InfiniteOpt.jl might be a convenient choice for you. I used it for a parameter estimation problem of about the size you are mentioning. Case study 3 (section 5.3) in this paper describes the problem and the implementation.
Learn more about InfiniteOpt.jl here. If you need any help implementing your model, feel free to reach out on the InfiniteOpt.jl discussions forum.
@mzhenirovskyy describes a “10–20” dimensional optimization problem, which is not only finite but relatively small. Why would you frame this as an infinite-dimensional optimization problem for InfiniteOpt?
The first thing I would do is to try to calculate sensitivities (derivatives) of your loss function with respect to your 10–20 parameters, by solving the adjoint DAE. DifferentialEquations.jl has tools to help with this. Once you have that, then there are a huge variety of optimization algorithms you can use to minimize your loss function, but generically I would try something like L-BFGS first (assuming you have a smooth function of the parameters and simple bound/box constraints). There are a variety of implementations of this available in Julia. If you have a ton of data that you are trying to fit to, so that you are only sampling it in batches, then you might need a stochastic optimization algorithm like Adam.

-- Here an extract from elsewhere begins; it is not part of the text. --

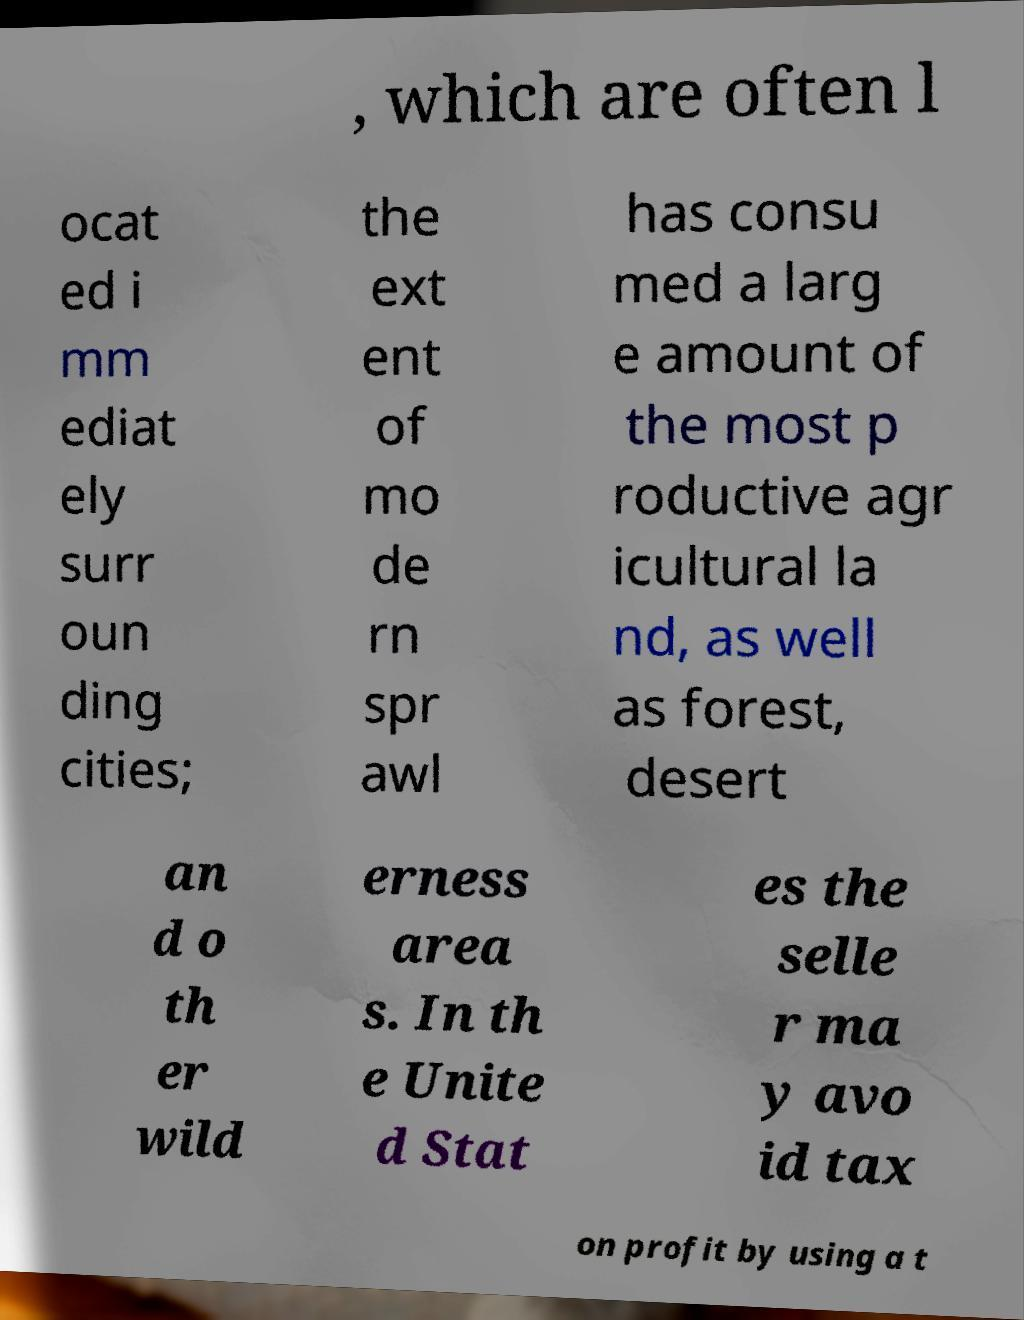Please identify and transcribe the text found in this image. , which are often l ocat ed i mm ediat ely surr oun ding cities; the ext ent of mo de rn spr awl has consu med a larg e amount of the most p roductive agr icultural la nd, as well as forest, desert an d o th er wild erness area s. In th e Unite d Stat es the selle r ma y avo id tax on profit by using a t

10–20 parameters is small enough that you could even use derivative-free optimization if your objective evaluation is quick enough (you probably lose a factor of 10–100 in speed compared to a gradient-based optimization method).
If you want to scale well with the number of parameters, then you need to compute gradients (sensitivities) by an adjoint method (called “backpropagation” by the neural-network folks). That way, you can (locally) optimize over essentially any number of parameters, and the cost per optimization step is essentially that of solving your forward problem (your DAE) twice. It’s not unusual to do (local) optimization over millions of parameters in this way.
If you want to scale well with your DAE system size, that’s usually about exploiting nice properties of your system, e.g. sparsity of some sort. If you can make your “forward” solve fast, then the sensitivity analysis and the optimization will be fast as well. But others here have more expertise in fast DAE solvers than me.
(Neither of these things is specific to Julia, of course.)
It uses the adjoints that @stevengj describes by default. Exquisite amounts of detail can be found in this page, though for most folks it shouldn’t be too necessary.
If you want the details on how to scale to very large systems, this tutorial covers how to choose solvers and preconditioners for handling large PDE solves:
The end of that tutorial shows how to solve a 2000 ODE system in 87 ms.
DiffEqParamEstim is just a simplified parameter estimation system. DiffEqFlux uses GalacticOptim internally, and soon it will be more explicitly. The core is really just that differentiating DifferentialEquations.jl uses adjoints, and you can use that with any optimization package.